Aufgrund der verschiedenen Berechnungsmethoden, die einerseits der Düsseldorfer Tabelle und andererseits den Süddeutschen Leitlinien zugrunde liegen, ergeben sich aufgrund eines grundlegend verschiedenen Ansatzes tw erhebliche Abweichungen in Bezug auf den zu berechnenden Unterhalt. Diese haben den BGH in einer Entscheidung vom 13.11.19 (FamRZ 20, 171) bewogen, eine bundesweite Vereinheitlichung der Berechnungsmethode anzuregen.
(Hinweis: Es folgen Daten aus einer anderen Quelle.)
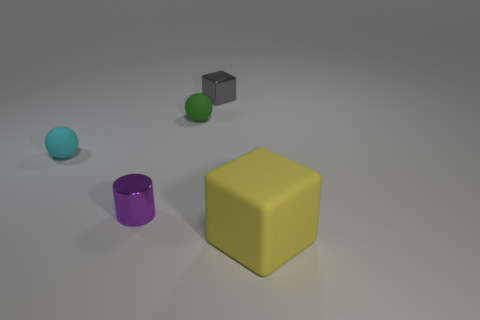Subtract 1 cubes. How many cubes are left? 1 Add 1 green cylinders. How many objects exist? 6 Subtract 0 red cylinders. How many objects are left? 5 Subtract all spheres. How many objects are left? 3 Subtract all green cubes. Subtract all blue cylinders. How many cubes are left? 2 Subtract all cyan spheres. How many gray cubes are left? 1 Subtract all big objects. Subtract all blue balls. How many objects are left? 4 Add 2 tiny purple things. How many tiny purple things are left? 3 Add 1 small cylinders. How many small cylinders exist? 2 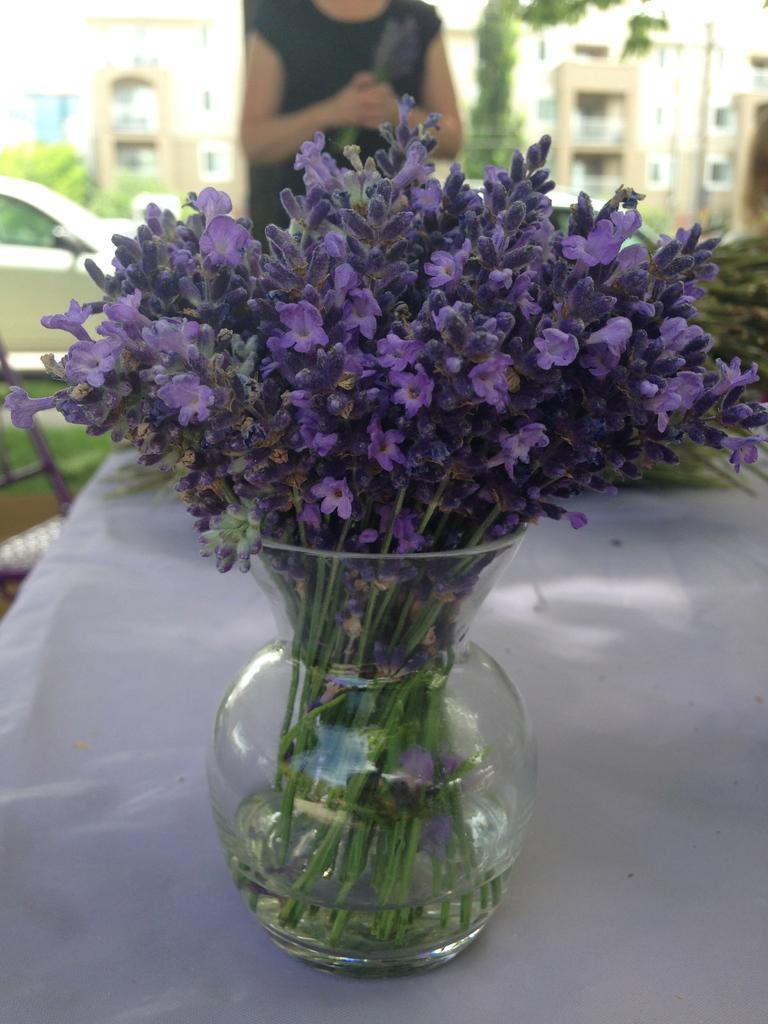Could you give a brief overview of what you see in this image? In this picture, we see a flower vase is placed on the white table. Behind that, we see a woman in black dress is stunning. On the left side, we see a car. There are trees and buildings in the background.

Der BGH hat stets betont, dass die Bestimmung des – ggf pauschaliert bemessenen – berufsbedingten Aufwands sowie des Leistungsanreizes eine Angemessenheitsprüfung verlangt und im tatrichterlichen Ermessen liegt (vgl etwa BGH FamRZ 05, 1867; 00, 1492). Der BGH sieht in einer Kumulierung des Anreizsiebtels und der Pauschale von 5 % für berufsbedingte Aufwendungen ersichtlich eine unzureichende Ermessensprüfung. Dem BGH erscheint die Summierung beider Pauschalen im Ergebnis zu hoch. Aus diesem Grund favorisiert er die Bemessung des Bonus nach den Süddeutschen Leitlinien mit einem Zehntel. Diesem Ansatz wird letztlich zuzustimmen sein, weil die Anerkennung eines Leistungsanreizes sowie berufsbedingte Aufwendungen, soweit sie nicht auf einer konkret nachweisbaren Belastung iSv tatsächlichen Werbungskosten beruhen, eine Abweichung von dem auch bei der Bestimmung des Ehegattenunterhalts geltenden Halbteilungsgrundsatzes bedeutet und deshalb nur zu einem maßvollen Umfang berechtigt.

 

Rn 6b

Dies wird an folgendem Beispiel verdeutlicht:

Bei Zugrundelegung des Anreizsiebtels

 
pauschaler berufsbedingter Aufwand 3.000 EUR * 5 % 150 EUR
Bonus 1/7 aus 2.850,- EUR 407 EUR
Summe 150 EUR + 407 EUR 557 EUR

Dies entspricht einem Abzug von 18,6 %.

Bei Zugrundelegung eines Anreizzehntels, das nunmehr von allen OLG angewendet wird, ergibt sich Folgendes:

 
pauschaler berufsbedingter Aufwand 3.000 EUR * 5 % 150 EUR
Bonus 10 % aus 2.850 EUR 285 EUR
Summe 150 EUR + 285 EUR 435 EUR

Dies entspricht einem Abzug von 14,5 %

 

Rn 6c

Insoweit stellt sich im Hinblick auf den aus den ehelichen Lebensverhältnissen abgeleiteten Halbteilungsgrundsatz die Frage, ob im Fall einer pauschal bestimmten Abzugsposition eine so weitreichende Kürzung des maßgeblichen Einkommens um nahezu 20 % noch als maßvoll angesehen werden kann (eingehend Borth FamRZ 20, 144). Der BGH hat iÜ klargestellt, dass der Erwerbstätigenbonus auch dann zu berücksichtigen ist, wenn er allein beim Unterhaltsberechtigten einzustellen ist, etwa weil der Unterhaltspflichtige bereits Rentner ist (BGH FamRZ 20, 171).

 
Praxis-Beispiel

Einkommen des Ehemannes 2.000 EUR aus Altersrente

Einkommen der Ehefrau aus Erwerbseinkommen ebenfalls 2.000 EUR

Unterhaltsberechnung: Einkommen des Ehemannes 2.000 EUR

Abzgl. Einkommen der Ehefrau nach Bereinigung um ein Zehntel 1.800 EUR

Differenz: 200 EUR

Unterhalt der Ehefrau nach dem Halbteilungsgrundsatz 100 EUR (Problematik des Bagatellunterhalts unberücksichtigt gelassen)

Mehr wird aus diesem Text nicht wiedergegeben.